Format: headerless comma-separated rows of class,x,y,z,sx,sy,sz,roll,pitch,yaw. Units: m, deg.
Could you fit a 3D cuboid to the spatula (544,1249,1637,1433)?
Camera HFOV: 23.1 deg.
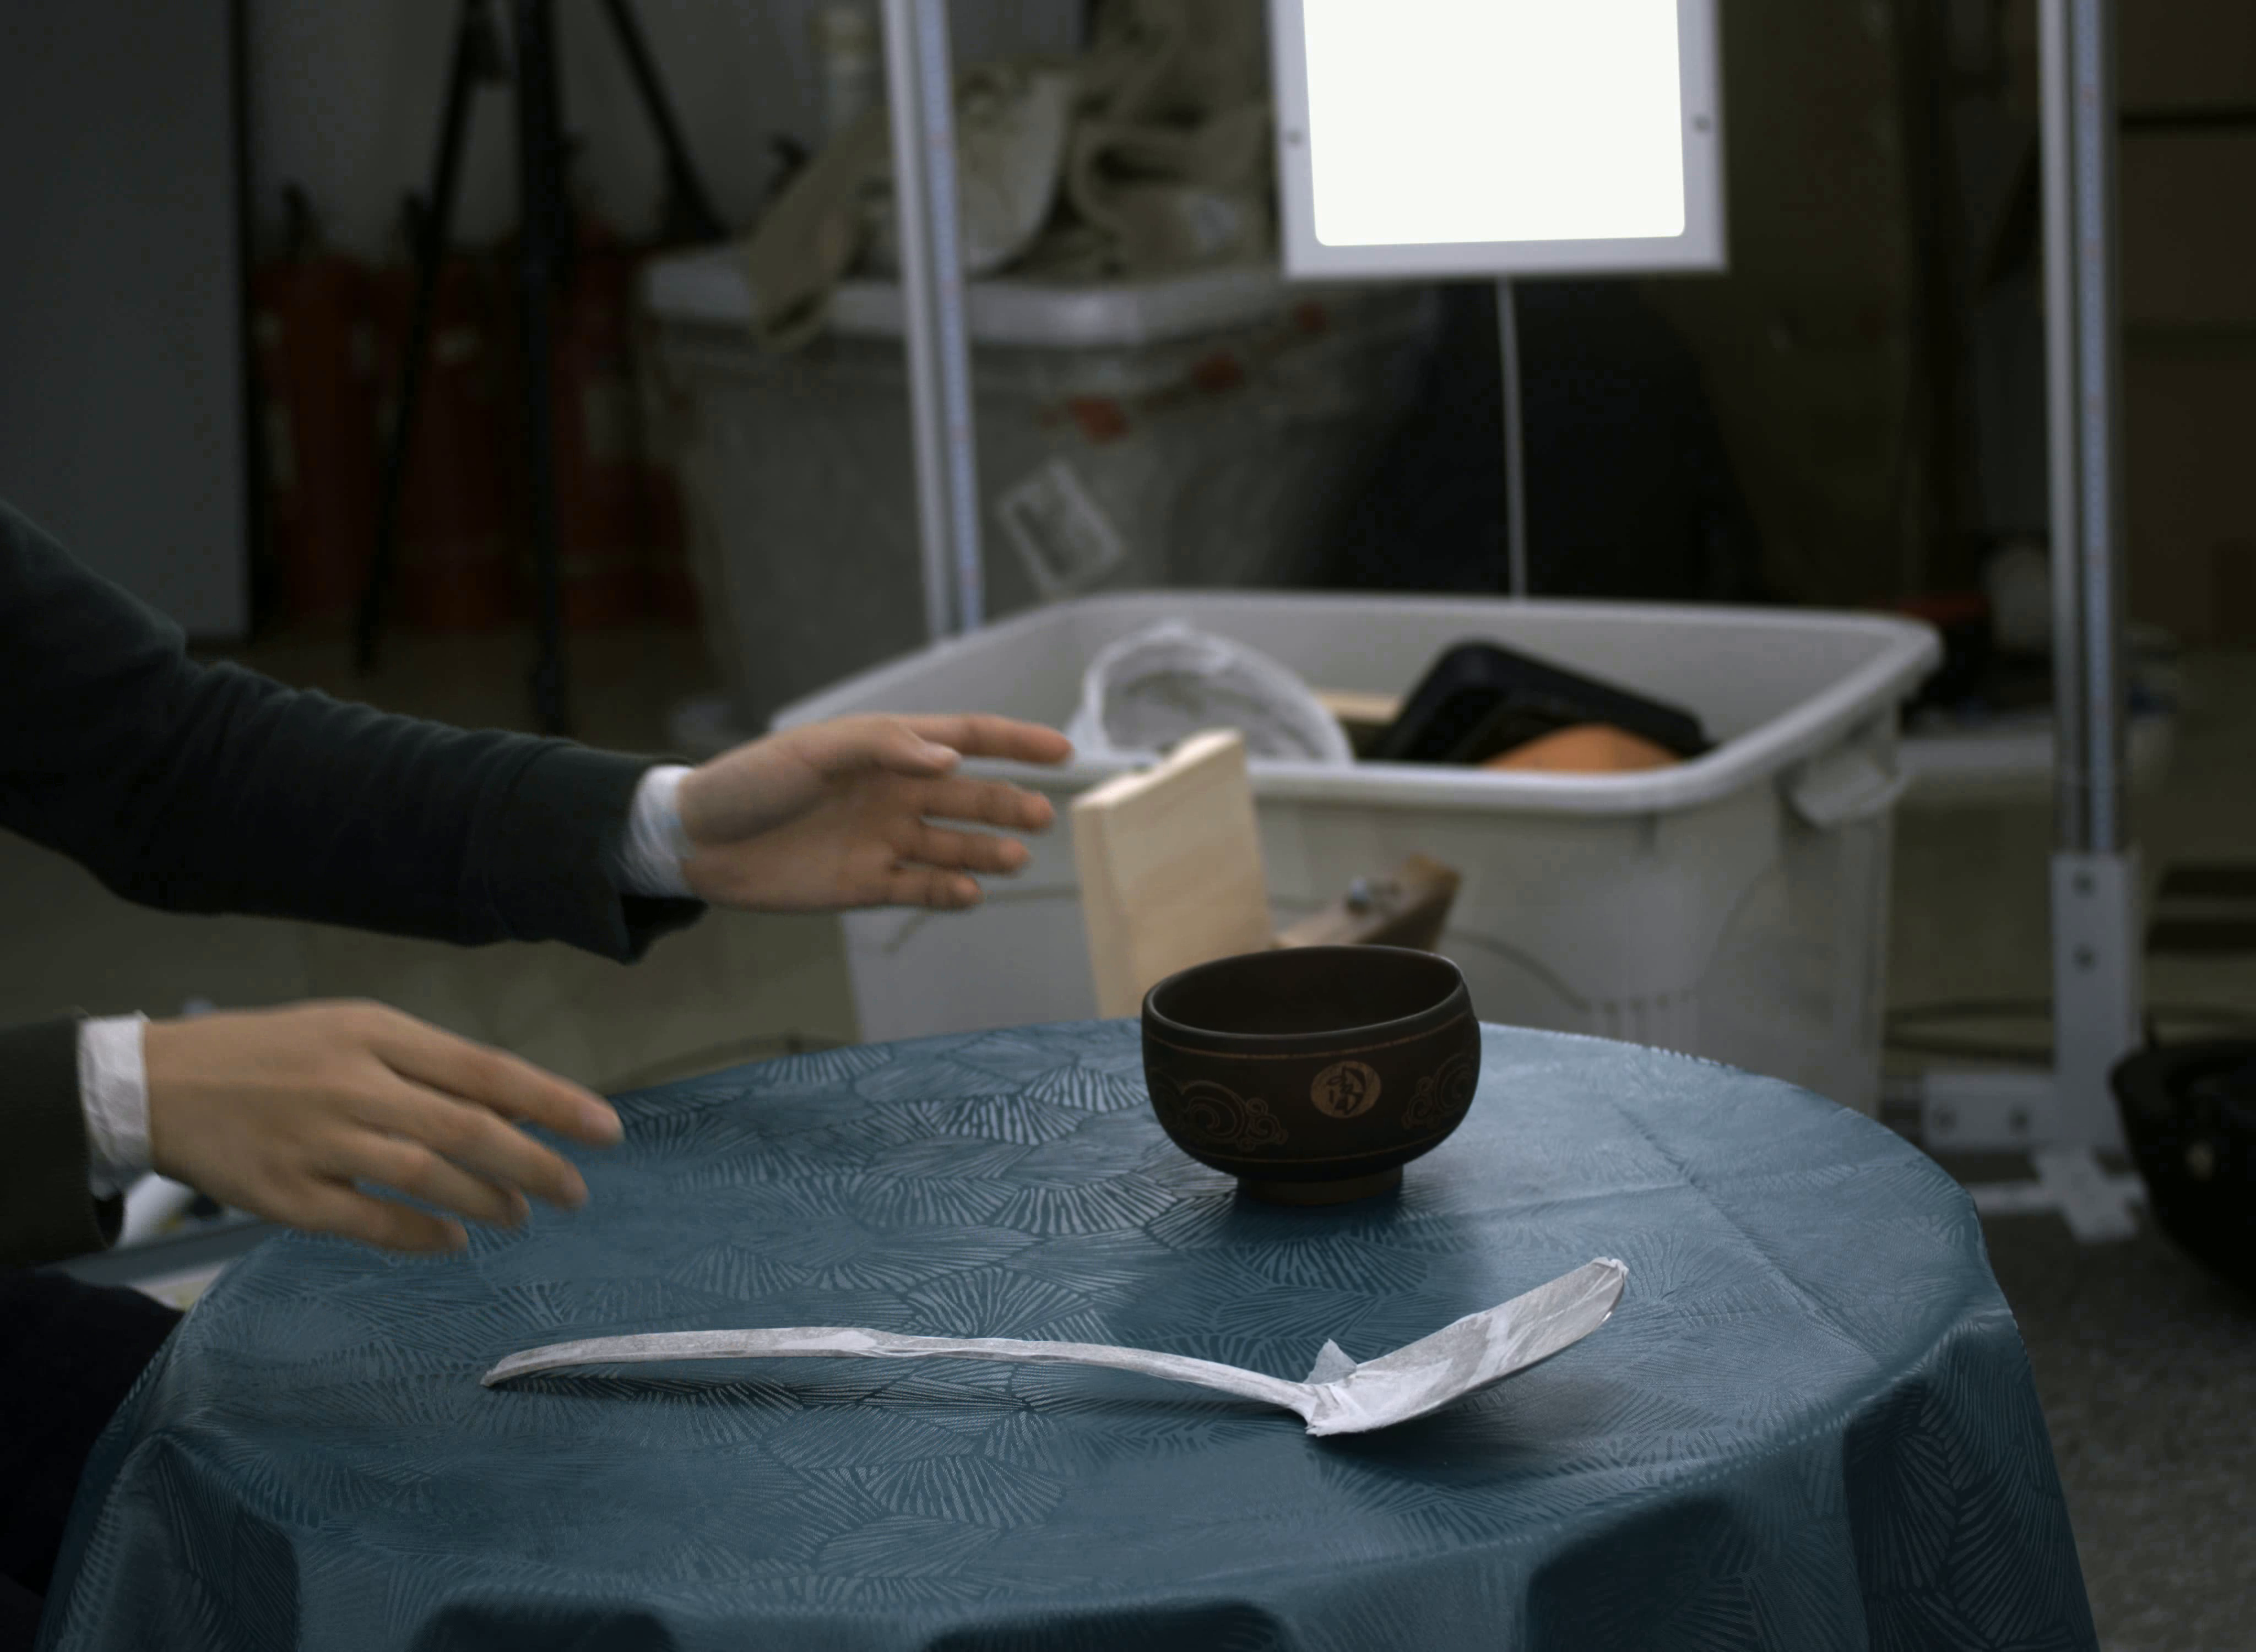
spatula,-0.022,0.157,1.698,0.370,0.045,0.097,1,17,22

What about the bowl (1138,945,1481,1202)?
bowl,0.064,0.088,1.883,0.118,0.070,0.118,-5,12,0

---

Exercise prompt. Leaving out the pictures, restate word for word the lines above from the one containing "Camera HFOV: 23.1 deg." through the end of the records, both ends included.

Result.
Camera HFOV: 23.1 deg.
spatula,-0.022,0.157,1.698,0.370,0.045,0.097,1,17,22

What about the bowl (1138,945,1481,1202)?
bowl,0.064,0.088,1.883,0.118,0.070,0.118,-5,12,0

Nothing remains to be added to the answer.